● ACTIVITY: The response should contain all of the data below, reproduced exactly, and no pictures.

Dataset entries
=== Begin Enclosure ===

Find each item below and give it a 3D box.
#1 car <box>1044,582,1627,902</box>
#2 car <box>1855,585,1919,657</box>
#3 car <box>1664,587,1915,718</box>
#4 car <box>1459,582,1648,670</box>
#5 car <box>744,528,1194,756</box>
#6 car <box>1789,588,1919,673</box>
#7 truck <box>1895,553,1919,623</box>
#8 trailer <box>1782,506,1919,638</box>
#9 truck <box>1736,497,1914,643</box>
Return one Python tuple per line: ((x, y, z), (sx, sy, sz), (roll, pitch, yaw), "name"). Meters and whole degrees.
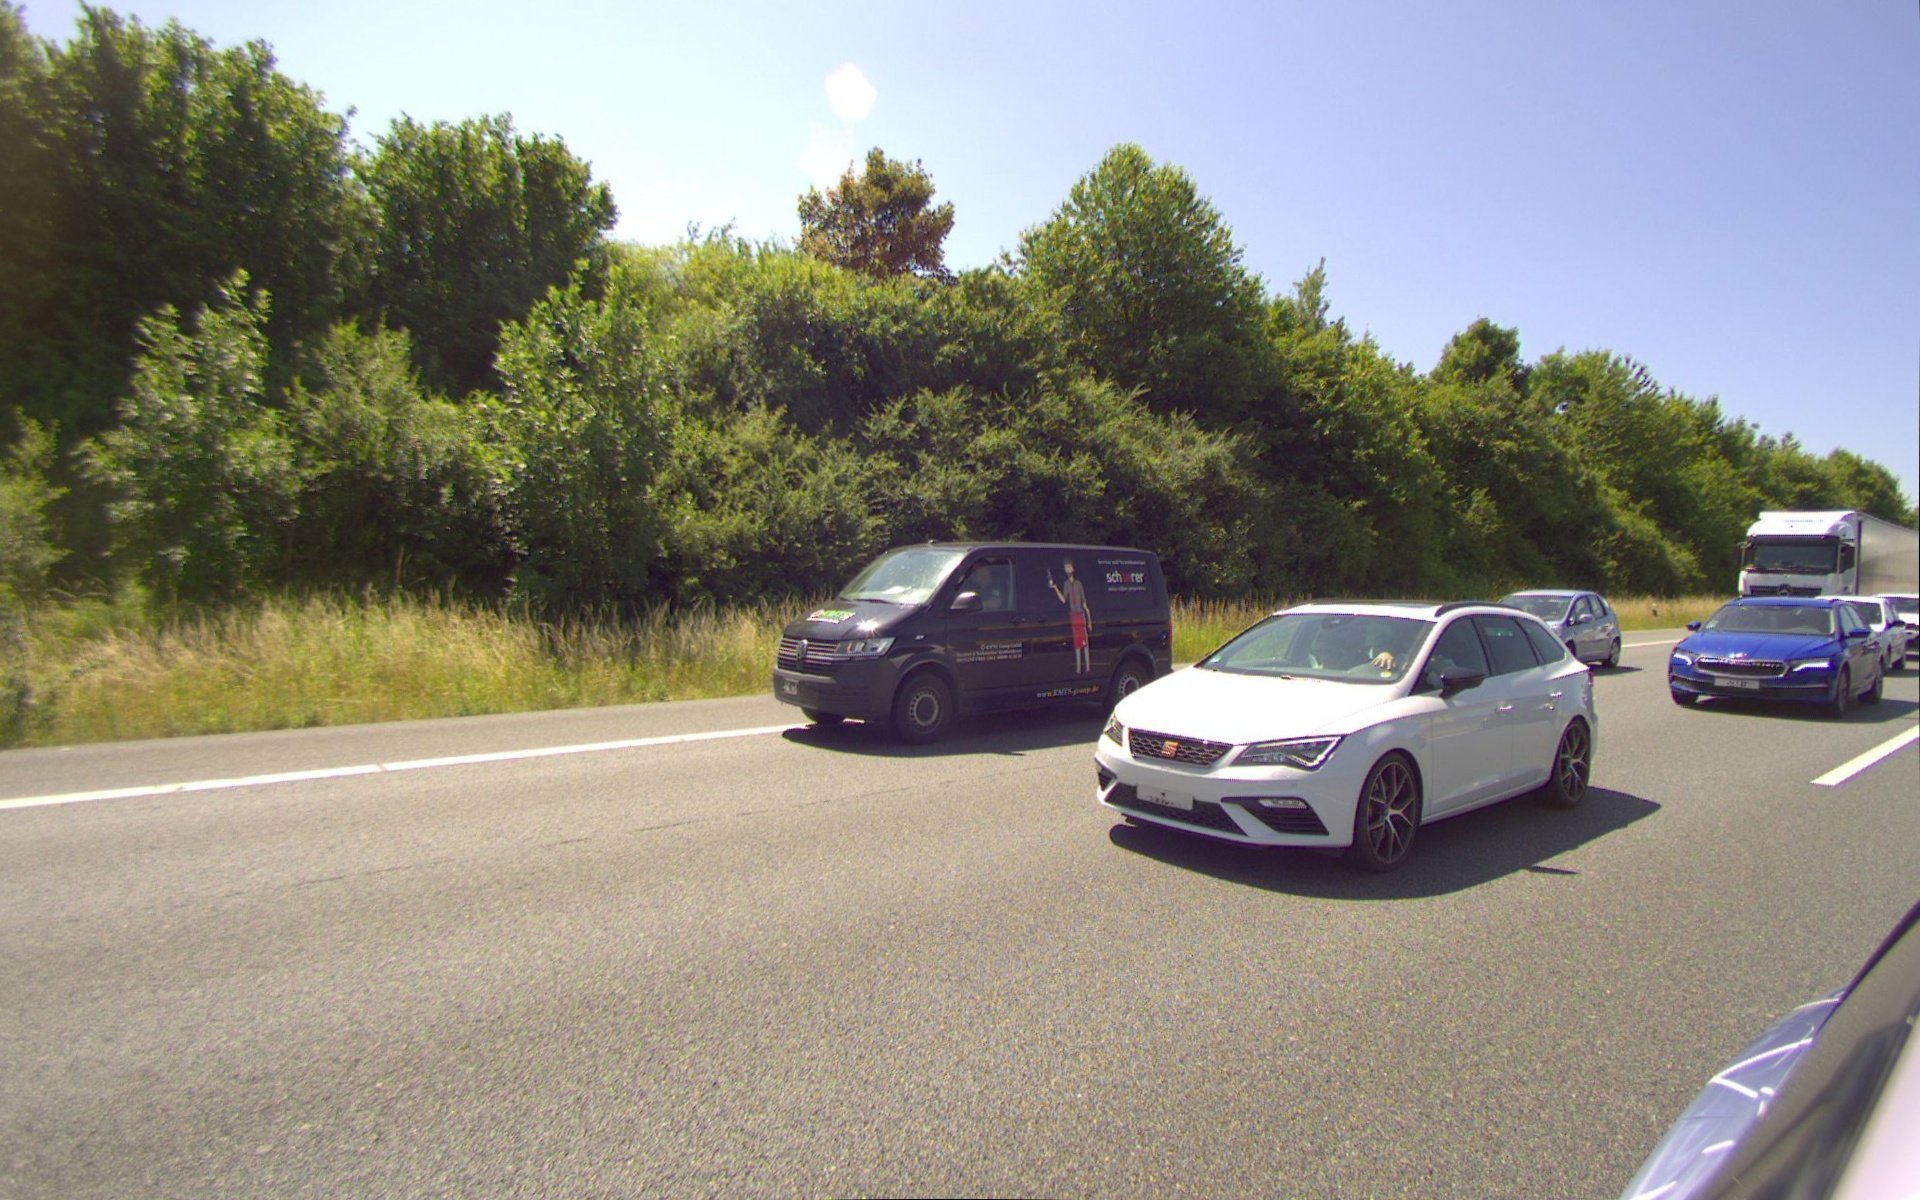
((2.686, 0.623, 6.733), (4.236, 1.461, 1.751), (-1, 2, -39), "car")
((23.054, 0.453, 24.287), (3.815, 1.577, 1.748), (-1, 2, -39), "car")
((11.387, 0.579, 13.785), (4.491, 1.434, 1.780), (-1, 2, -39), "car")
((11.342, 0.431, 19.281), (3.848, 1.479, 1.668), (0, 2, -36), "car")
((0.269, 0.304, 10.955), (4.770, 1.964, 1.918), (-1, 2, -39), "car")
((18.011, 0.533, 20.184), (3.742, 1.451, 1.609), (-1, 2, -40), "car")
((46.153, -0.554, 47.690), (5.572, 3.185, 2.300), (-1, 1, -39), "truck")
((33.760, -0.966, 37.334), (11.857, 4.209, 2.880), (-1, 1, -39), "trailer")
((28.248, -0.918, 32.898), (8.322, 4.209, 2.880), (-1, 1, -39), "truck")

=== End Enclosure ===

● ANSWER SPACE:
Find each item below and give it a 3D box.
#1 car <box>1044,582,1627,902</box>
#2 car <box>1855,585,1919,657</box>
#3 car <box>1664,587,1915,718</box>
#4 car <box>1459,582,1648,670</box>
#5 car <box>744,528,1194,756</box>
#6 car <box>1789,588,1919,673</box>
#7 truck <box>1895,553,1919,623</box>
#8 trailer <box>1782,506,1919,638</box>
#9 truck <box>1736,497,1914,643</box>
Return one Python tuple per line: ((x, y, z), (sx, sy, sz), (roll, pitch, yaw), "name"). Meters and whole degrees.
((2.686, 0.623, 6.733), (4.236, 1.461, 1.751), (-1, 2, -39), "car")
((23.054, 0.453, 24.287), (3.815, 1.577, 1.748), (-1, 2, -39), "car")
((11.387, 0.579, 13.785), (4.491, 1.434, 1.780), (-1, 2, -39), "car")
((11.342, 0.431, 19.281), (3.848, 1.479, 1.668), (0, 2, -36), "car")
((0.269, 0.304, 10.955), (4.770, 1.964, 1.918), (-1, 2, -39), "car")
((18.011, 0.533, 20.184), (3.742, 1.451, 1.609), (-1, 2, -40), "car")
((46.153, -0.554, 47.690), (5.572, 3.185, 2.300), (-1, 1, -39), "truck")
((33.760, -0.966, 37.334), (11.857, 4.209, 2.880), (-1, 1, -39), "trailer")
((28.248, -0.918, 32.898), (8.322, 4.209, 2.880), (-1, 1, -39), "truck")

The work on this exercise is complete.